As minor premiers, the Panthers had earned a home final at Panthers Stadium and were to play the Sydney Roosters. The ever-improving situation with the corona virus had seen the NSW government increase capacity to 50% for the finals. After conceding the first two tries to trail 10-0, the Panthers surged with 26 unanswered points (including a first half hat trick to Nathan Cleary) to lead 26-10. However, they had to withstand a comeback from the Roosters, and in the end a Nathan Cleary field goal was the difference. Their victory by the narrowest of margins earnt them a week off and straight to the preliminary final.
Their opponents would be the resurgent South Sydney, who had entered the finals series as one of the form teams. After conceding the first try, the Panthers scored the next two to hold a 14-6 half time lead.

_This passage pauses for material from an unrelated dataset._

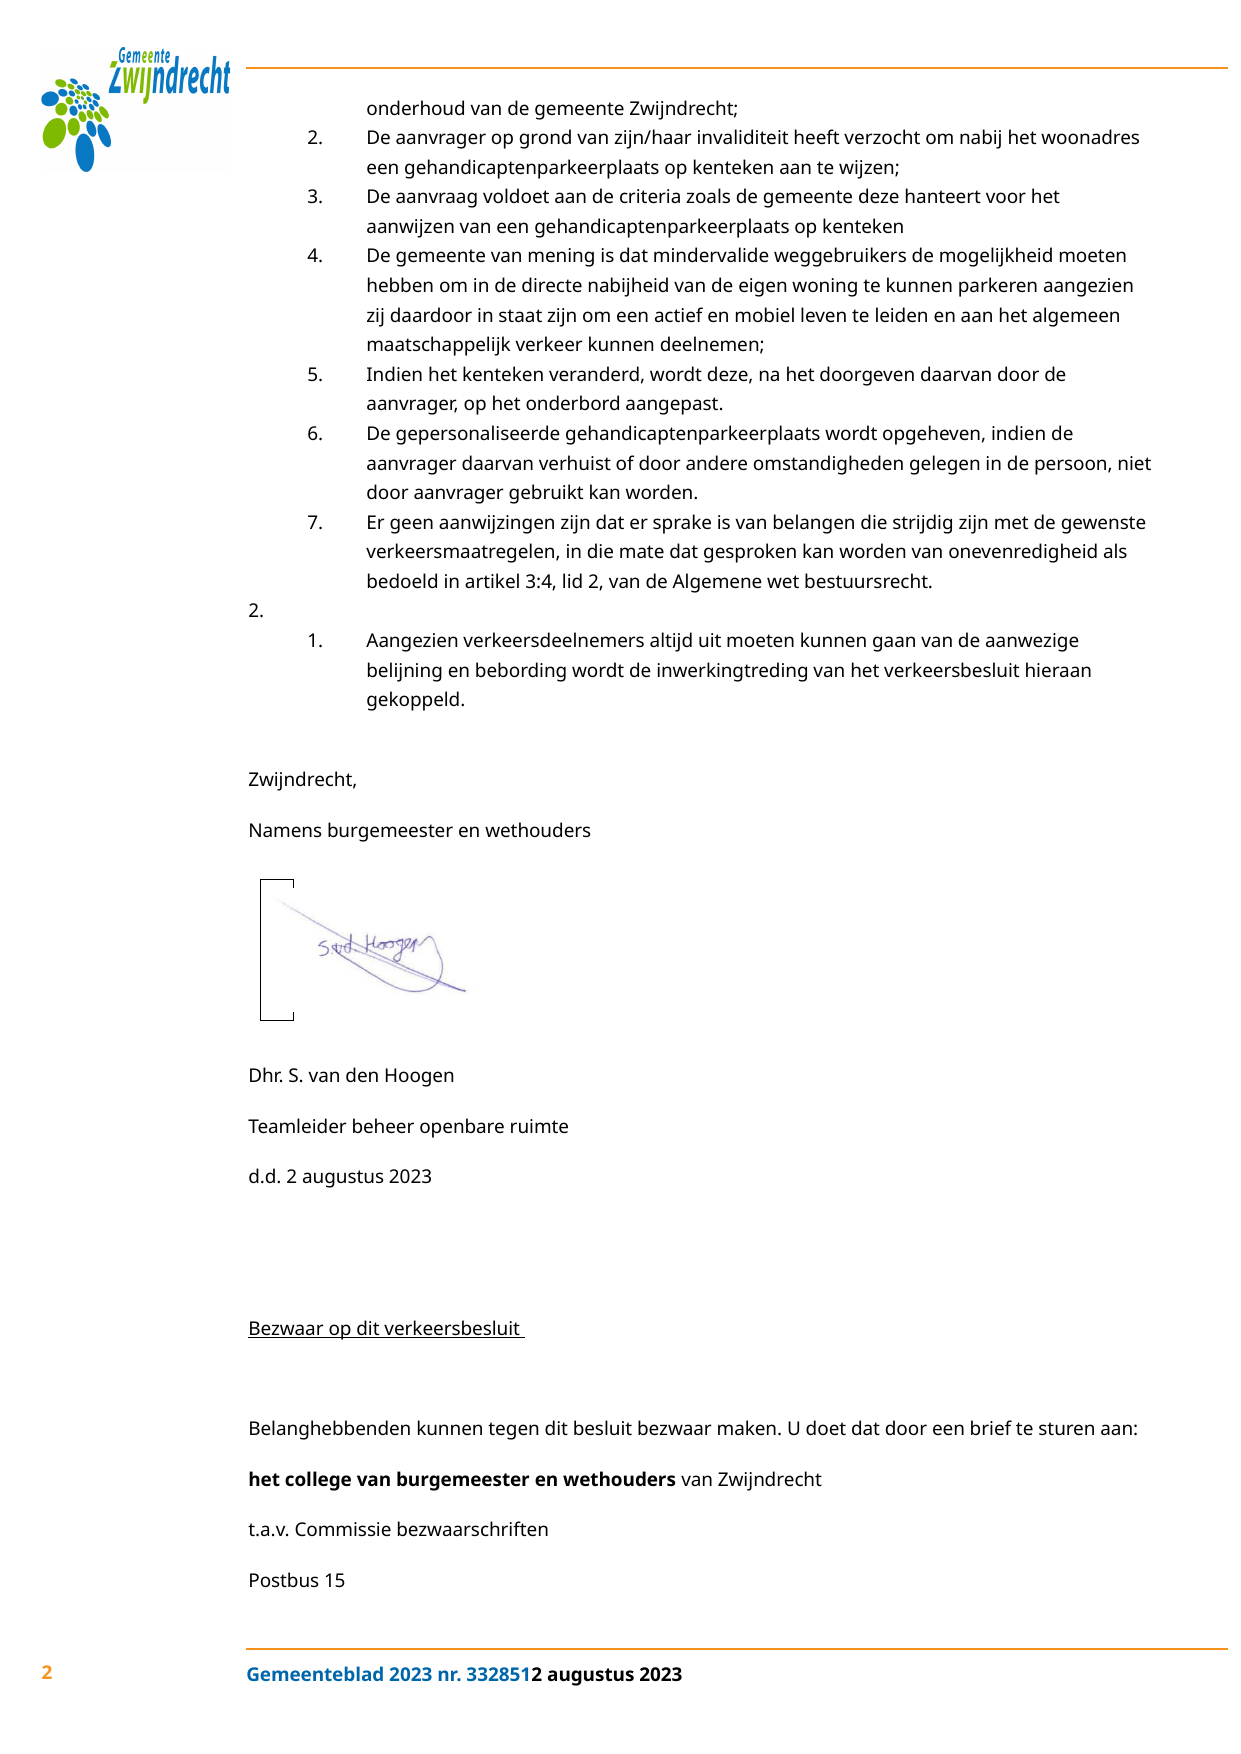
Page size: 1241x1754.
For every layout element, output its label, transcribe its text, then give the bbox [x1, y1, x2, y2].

The Rabbitohs would cut it to a two-point margin, before stretching ahead to 20-12. Whilst the Rabbitohs finished the match strongly, they were not able to completely bridge the deficit and the Panthers hung on to qualify for their first grand final since 2003.
They had also extended their streak to 17 matches, the equal longest in the NRL era (1998 onwards), matching the 2002 Bulldogs.
Whilst the favourite amongst many pundits, Nathan Cleary missed out on the Dally M medal, however was one of a number of players in the Dally M Team of the Year, alongside Stephen Crichton, Viliam Kikau, James Fisher-Harris and Isaah Yeo, with Ivan Cleary awarded the Dally M Coach of the Year. Stephen Crichton was in the mix for Rookie of the Year but also missed out on the award.
Up against the more experienced Melbourne Storm in the decider, the Panthers turned in their worst performance of the season, trailing 22-0 at half time. This was soon extended to 26-0 after the resumption, before a stirring comeback with four unanswered tries saw them fall 6 points short at full time – but not before being given one last opportunity with seconds remaining to potentially force it to golden point.
It was a disappointing end to one of the most dominant seasons ever witnessed, however a number of players were rewarded with selection for both New South Wales and Queensland in the rescheduled State of Origin series that occurred after the grand final.
In December, Nathan Cleary was awarded the Merv Cartwright Medal for player of the year.